Returns bulk updates in form of the array collected_data with dimensions (n_bulk_mols x n_processes), where n_processes is given by the keys that are shared by bulk_processes and data[‘log_update’]. Shared processes are also returned in order.

ecoli.analysis.single.blame.get_bulk_processes(topology)

ecoli.analysis.single.blame.idx_array_from(dictionary)

ecoli.analysis.single.blame.plot(params, conn, history_sql, config_sql, sim_data_paths, validation_data_paths, outdir, variant_metadata, variant_name)

Parameters:

• params (dict[str, Any])

• conn (DuckDBPyConnection)

• history_sql (str)

• config_sql (str)

• sim_data_paths (dict[str, dict[int, str]])

• validation_data_paths (list[str])

• outdir (str)

• variant_metadata (dict[str, dict[int, Any]])

• variant_name (str)

ecoli.analysis.single.blame.preprocess_data(data, bulk_ids, bulk_processes, molecules)

Prepares raw data for blame-timeseries plot. Returns data in the form time, process, values_array where time is a numpy array of times, process is a list of process names, and values_array is a numpy array of the form (molecule x time x process).

ecoli.analysis.single.blame.reposition_ticks(ax, x='bottom', y='left')
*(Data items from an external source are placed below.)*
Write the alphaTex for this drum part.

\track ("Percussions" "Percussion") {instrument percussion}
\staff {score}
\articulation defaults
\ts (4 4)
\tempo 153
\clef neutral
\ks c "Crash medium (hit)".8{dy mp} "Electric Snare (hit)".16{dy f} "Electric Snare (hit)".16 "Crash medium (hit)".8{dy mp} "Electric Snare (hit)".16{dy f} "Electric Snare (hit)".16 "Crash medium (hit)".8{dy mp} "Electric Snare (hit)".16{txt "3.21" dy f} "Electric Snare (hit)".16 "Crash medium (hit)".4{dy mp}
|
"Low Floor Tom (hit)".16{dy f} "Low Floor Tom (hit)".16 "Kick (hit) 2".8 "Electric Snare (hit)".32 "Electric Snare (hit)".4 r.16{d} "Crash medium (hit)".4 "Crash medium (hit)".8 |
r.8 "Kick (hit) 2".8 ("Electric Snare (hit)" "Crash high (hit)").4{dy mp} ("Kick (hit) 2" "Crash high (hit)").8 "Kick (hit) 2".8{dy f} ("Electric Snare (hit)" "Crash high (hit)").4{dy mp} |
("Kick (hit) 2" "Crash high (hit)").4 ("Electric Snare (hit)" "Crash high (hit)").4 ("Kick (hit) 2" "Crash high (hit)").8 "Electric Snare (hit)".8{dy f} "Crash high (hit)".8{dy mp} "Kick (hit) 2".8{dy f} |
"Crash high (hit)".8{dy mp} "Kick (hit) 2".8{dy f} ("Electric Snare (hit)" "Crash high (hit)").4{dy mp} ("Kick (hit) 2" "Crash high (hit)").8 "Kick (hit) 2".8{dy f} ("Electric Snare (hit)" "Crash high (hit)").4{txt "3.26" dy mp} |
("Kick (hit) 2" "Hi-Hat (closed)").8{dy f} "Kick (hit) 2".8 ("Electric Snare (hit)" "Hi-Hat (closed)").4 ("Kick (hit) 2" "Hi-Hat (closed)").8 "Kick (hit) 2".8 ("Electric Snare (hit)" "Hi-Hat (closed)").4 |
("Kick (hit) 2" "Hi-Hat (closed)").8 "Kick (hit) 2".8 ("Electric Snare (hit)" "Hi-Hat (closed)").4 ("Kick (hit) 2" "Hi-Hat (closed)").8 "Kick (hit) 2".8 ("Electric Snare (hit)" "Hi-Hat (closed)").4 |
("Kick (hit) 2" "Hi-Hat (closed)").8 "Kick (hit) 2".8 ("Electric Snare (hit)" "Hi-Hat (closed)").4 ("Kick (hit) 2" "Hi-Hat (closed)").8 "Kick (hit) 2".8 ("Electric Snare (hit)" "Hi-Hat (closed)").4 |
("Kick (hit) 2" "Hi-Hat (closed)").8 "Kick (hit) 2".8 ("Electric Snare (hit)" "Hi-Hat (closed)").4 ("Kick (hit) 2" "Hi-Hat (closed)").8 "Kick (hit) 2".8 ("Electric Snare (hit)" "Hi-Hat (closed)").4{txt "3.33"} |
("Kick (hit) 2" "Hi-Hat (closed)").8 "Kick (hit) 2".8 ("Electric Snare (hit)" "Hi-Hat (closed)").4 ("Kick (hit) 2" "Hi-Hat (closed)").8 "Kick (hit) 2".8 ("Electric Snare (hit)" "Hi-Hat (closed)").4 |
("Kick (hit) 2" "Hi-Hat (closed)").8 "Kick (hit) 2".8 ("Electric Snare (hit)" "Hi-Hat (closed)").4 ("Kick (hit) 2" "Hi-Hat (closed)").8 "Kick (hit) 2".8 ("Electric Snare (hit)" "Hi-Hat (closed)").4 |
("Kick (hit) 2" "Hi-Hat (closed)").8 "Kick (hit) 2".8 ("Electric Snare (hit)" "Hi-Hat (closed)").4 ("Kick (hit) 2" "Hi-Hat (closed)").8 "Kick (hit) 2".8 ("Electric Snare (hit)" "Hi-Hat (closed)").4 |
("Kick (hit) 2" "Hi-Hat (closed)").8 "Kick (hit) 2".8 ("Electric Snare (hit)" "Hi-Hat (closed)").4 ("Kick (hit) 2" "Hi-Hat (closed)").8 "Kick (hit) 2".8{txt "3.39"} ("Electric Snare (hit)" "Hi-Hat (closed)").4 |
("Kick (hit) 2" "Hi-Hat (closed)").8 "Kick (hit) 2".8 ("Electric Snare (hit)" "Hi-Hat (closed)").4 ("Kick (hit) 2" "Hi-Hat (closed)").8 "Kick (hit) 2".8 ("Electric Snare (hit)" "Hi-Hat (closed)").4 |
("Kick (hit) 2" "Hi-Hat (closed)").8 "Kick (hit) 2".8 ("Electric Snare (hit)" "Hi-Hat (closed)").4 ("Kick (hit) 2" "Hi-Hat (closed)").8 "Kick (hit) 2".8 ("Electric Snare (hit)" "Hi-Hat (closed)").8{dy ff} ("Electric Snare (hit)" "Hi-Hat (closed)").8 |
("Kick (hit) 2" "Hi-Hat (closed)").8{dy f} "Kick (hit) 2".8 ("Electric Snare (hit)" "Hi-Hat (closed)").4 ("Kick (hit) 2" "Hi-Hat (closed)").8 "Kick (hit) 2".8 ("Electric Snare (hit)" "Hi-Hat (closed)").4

ecoli.analysis.single.blame.sign_str(val)

ecoli.analysis.single.blame.signed_stacked_bar(ax, x, y, bar_labels)

ax: Axes object x: x values (1d array) y: y-values (len(x) columns by # stacked bars rows)

Creates a stacked bar chart in the specified Axes, where y’s with negative values represent bars below y=0, and y’s with positive values represent bars above y=0.